陆景云看着他,眼中闪过一丝不忍,但很快又恢复平静:“话就说到这儿。柳兄,你好自为之。若是还想做人,就好好想想将来该怎么做。若是一蹶不振...”
他摇摇头,没再说下去,转身离开了。
书房里重归寂静。
许久,柳明轩缓缓放下手,脸上湿漉漉的,分不清是泪还是汗。
窗外,不知何时下起了秋雨。淅淅沥沥的雨声敲打着窗棂,像是无数根细针,扎进他心里。
禁足满四个月的那天,柳文渊终于松了口,允许柳明轩出府走走,但必须有人跟着。
柳明轩选了城西的梅林。
不是怀念什么,而是...他想去那个改变了一切的地方看看。
秋日的梅林没有梅花,只有光秃秃的枝桠在秋风中颤抖。林中小径铺满了落叶,踩上去沙沙作响。细雨刚停,空气里满是泥土和腐叶的气息。
柳明轩独自走在林间,侍卫远远跟在后面。
他记得永嘉郡主说过,七年前她就是在这里被拐子劫持,然后被人所救。救她的人,据说是林梧——或者说是林松。
原来那么早,命运的线就已经纠缠在一起了。
而他,一直是个局外人。
“明轩哥哥?”
熟悉的声音从身后传来。
柳明轩浑身一僵,缓缓转身。
林梧站在不远处的小径上,一身淡青色衣裙,外罩月白披风,发间簪着那支梧桐木簪。她身旁是萧凤栖,两人并肩而立,手中各牵着一匹马。

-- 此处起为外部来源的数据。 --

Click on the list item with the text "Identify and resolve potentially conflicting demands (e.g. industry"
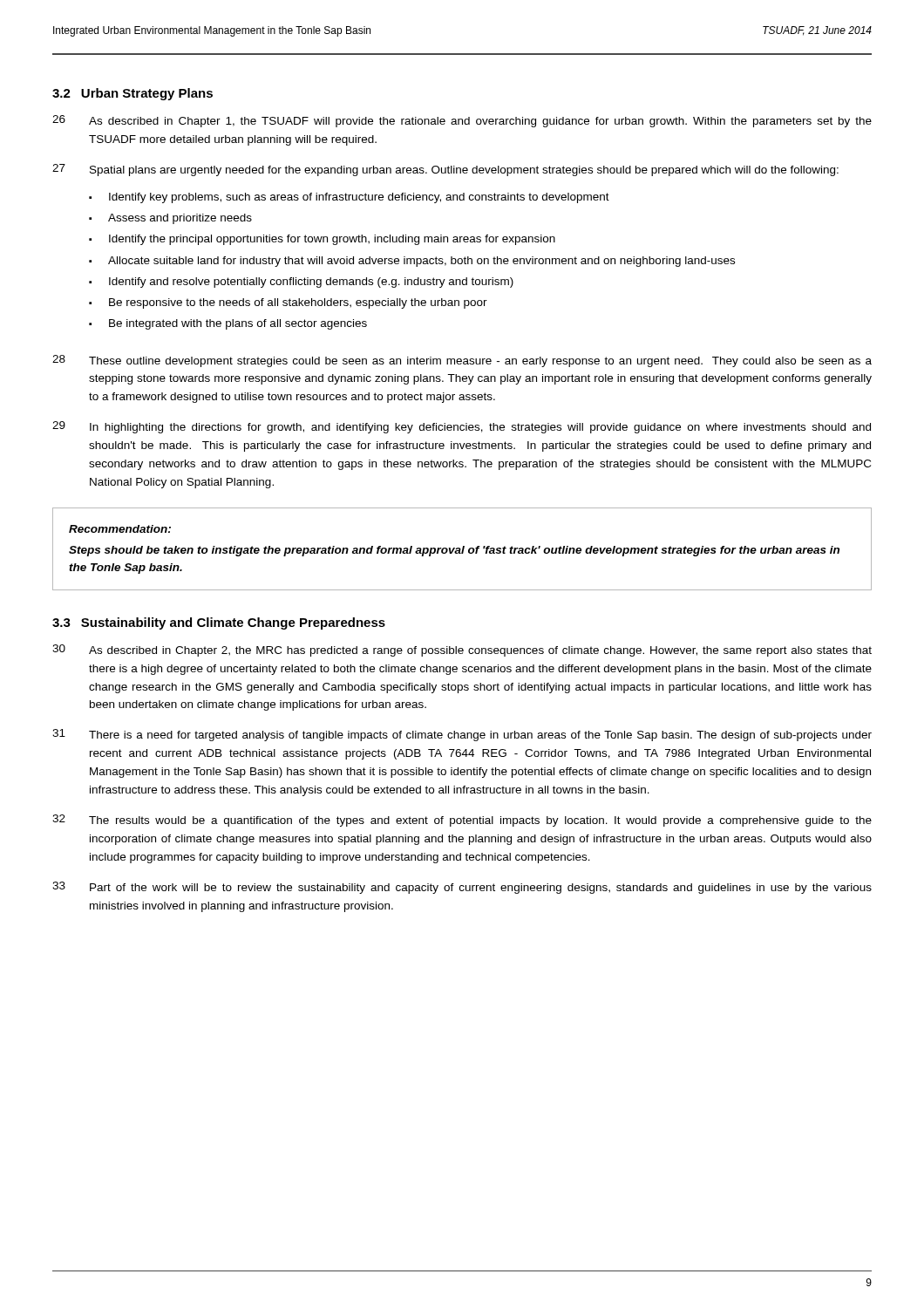The width and height of the screenshot is (924, 1308). (311, 281)

萧凤栖今日穿了件墨色骑装,衬得身形越发挺拔。他看见柳明轩,微微颔首,算是打过招呼。
柳明轩的目光却落在林梧身上。
四个月不见,她变了。不是容貌,而是...神态。从前她看他时,眼神总是带着小心翼翼的期待和讨好。现在那双眼睛清澈平静,像秋日的湖水,不起半点波澜。
“林...林小姐。”他艰难地开口,“世子。”
林梧点点头,语气平淡:“柳公子也来赏景?”
“...随便走走。”
气氛尴尬得让人窒息。
萧凤栖看了林梧一眼,温声道:“你方才说想去看那边的石碑,我陪你去?”
林梧摇头:“不了,雨刚停,路滑。我们回去吧。”
她朝柳明轩微微颔首,转身要走。
“等等!”柳明轩脱口而出。
林梧停下脚步,回头看他,眼中带着询问。
柳明轩张了张嘴,千言万语堵在喉咙里,却一个字也说不出来。他想道歉,想解释,想问她过得好不好,想...想挽回。

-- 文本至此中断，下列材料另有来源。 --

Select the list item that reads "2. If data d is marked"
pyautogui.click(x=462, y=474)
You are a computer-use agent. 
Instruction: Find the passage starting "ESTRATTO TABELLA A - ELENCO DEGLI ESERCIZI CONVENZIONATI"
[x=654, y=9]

可看着她平静的眼神,看着她身边那个光风霁月的男子,所有的话都显得那么苍白可笑。
“没...没事。”他最终只是说,“路上小心。”
林梧看了他一眼,那眼神里有怜悯,有疏离,唯独没有他期待的情绪。
“柳公子也早些回吧,天凉了。”
说完,她与萧凤栖并肩离开。两人低声说着什么,萧凤栖侧耳倾听,偶尔点头,神情温柔。
柳明轩站在原地,看着他们的背影渐行渐远。
秋风吹过,卷起满地落叶,也吹散了他最后一丝幻想。
“少爷,该回了。”侍卫上前,低声提醒。
柳明轩没有动。
他想起很多年前,也是这样的秋日,林梧偷偷从家里溜出来,跑到书院找他。她穿了一身藕荷色的裙子,头发跑散了,脸颊红扑扑的,手里捧着一包还热着的栗子。
“明轩哥哥,我给你送栗子来啦!刚炒好的,可香了!”
那时他怎么说的?
好像是“女子当静守闺中,这般跑出来成何体统”。
林梧眼中的光黯了一瞬,但很快又亮起来:“我知道啦,下次不会了。你快尝尝,凉了就不好吃了。”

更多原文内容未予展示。